School FYI

The Legislature raised the threshold for purchases and labor school districts can do on their own without having to seek competitive bids – the first such change since 1994.

Districts can now use in-house labor for building, improvements or repairs estimated to cost $40,000 or less, up from $15,000. Schools also can purchase furniture, supplies or equipment of up to $40,000 without bidding.

Purchases between $40,000 and $75,000 require competitive quotes, while purchases estimated more than $75,000 require bids. That’s up from $50,000.

The formal bid threshold for public works projects was raised from $50,000 to $100,000.

The changes give districts more flexibility on when to use their own expertise or seek bids, a process that takes time and money.
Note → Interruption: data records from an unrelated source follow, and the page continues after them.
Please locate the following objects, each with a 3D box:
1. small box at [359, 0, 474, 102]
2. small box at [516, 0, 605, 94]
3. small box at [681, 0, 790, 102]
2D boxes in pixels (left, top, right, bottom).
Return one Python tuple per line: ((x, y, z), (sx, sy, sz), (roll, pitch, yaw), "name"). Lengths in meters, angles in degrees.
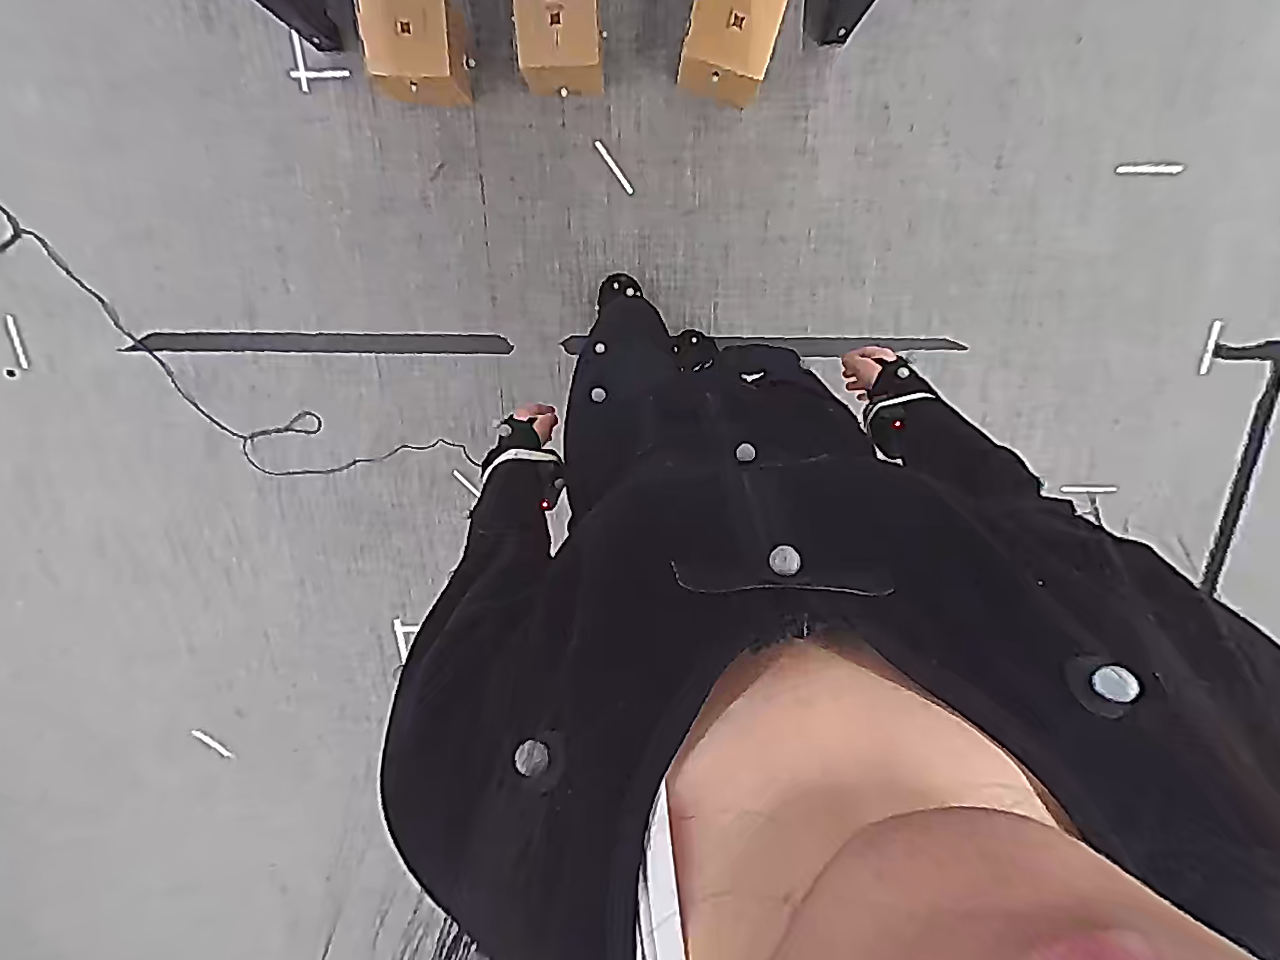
((-0.468, -0.931, 1.152), (0.179, 0.176, 0.168), (2, 108, -1), "small box")
((-0.162, -0.948, 1.141), (0.168, 0.176, 0.179), (-1, 108, 1), "small box")
((0.194, -0.935, 1.143), (0.179, 0.176, 0.168), (16, 108, -3), "small box")

Snohomish officials attend Utah conference

Snohomish School District used more than $25,000 of Initiative 728 funds to pay the way for 21 administrators to attend a conference in Utah.
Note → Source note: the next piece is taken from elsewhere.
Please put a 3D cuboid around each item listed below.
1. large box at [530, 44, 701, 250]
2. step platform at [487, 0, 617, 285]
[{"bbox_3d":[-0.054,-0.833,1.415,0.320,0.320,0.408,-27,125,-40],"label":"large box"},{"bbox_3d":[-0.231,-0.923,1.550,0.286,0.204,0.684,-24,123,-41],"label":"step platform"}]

The Professional Learning Communities Institute talked about how school leaders can create an environment that encourages teachers to work together, build consensus and actively seek the best ways to raise student achievement.

I-728, passed by voters in 2000, gives schools money for school improvement, including professional development. For 2005-06, Snohomish School District plans to spend $371,204, or 14 percent of its allotment, on professional development.

The conference was held June 23-25 in the Salt Lake City area.

All but one principal and all but one assistant principal attended, along with five central office administrators, including Superintendent Bill Mester.

Edmonds School District principals take their posts

New leaders have taken the helms of several schools in the Edmonds district.

Lynne Behrendt was named interim principal at Beverly Elementary School, where she was an administrative intern last year. She previously was a learning support teacher at Maplewood school since 2000.

Behrendt takes over for Tony Byrd, who left after three years to be principal of Cedar Valley Community School. He replaces Gayle Everly, who took a job in Seattle Public Schools.

Shelley Habenicht was chosen principal of College Place Elementary, having served last year as an elementary assistant principal in the Renton School District. She previously taught first and second grades.

Christine Kessler is principal of Sherwood Elementary, replacing Richard Kincaid, who retired. Kessler was an elementary assistant principal in the Seattle School District the previous two years.

Greg Willis is principal of Oak Heights Elementary, replacing Craig Madsen, who retired. Willis was principal of Langley Middle School in the South Whidbey School District for 20 years. Willis also was acting superintendent of that school district for a time.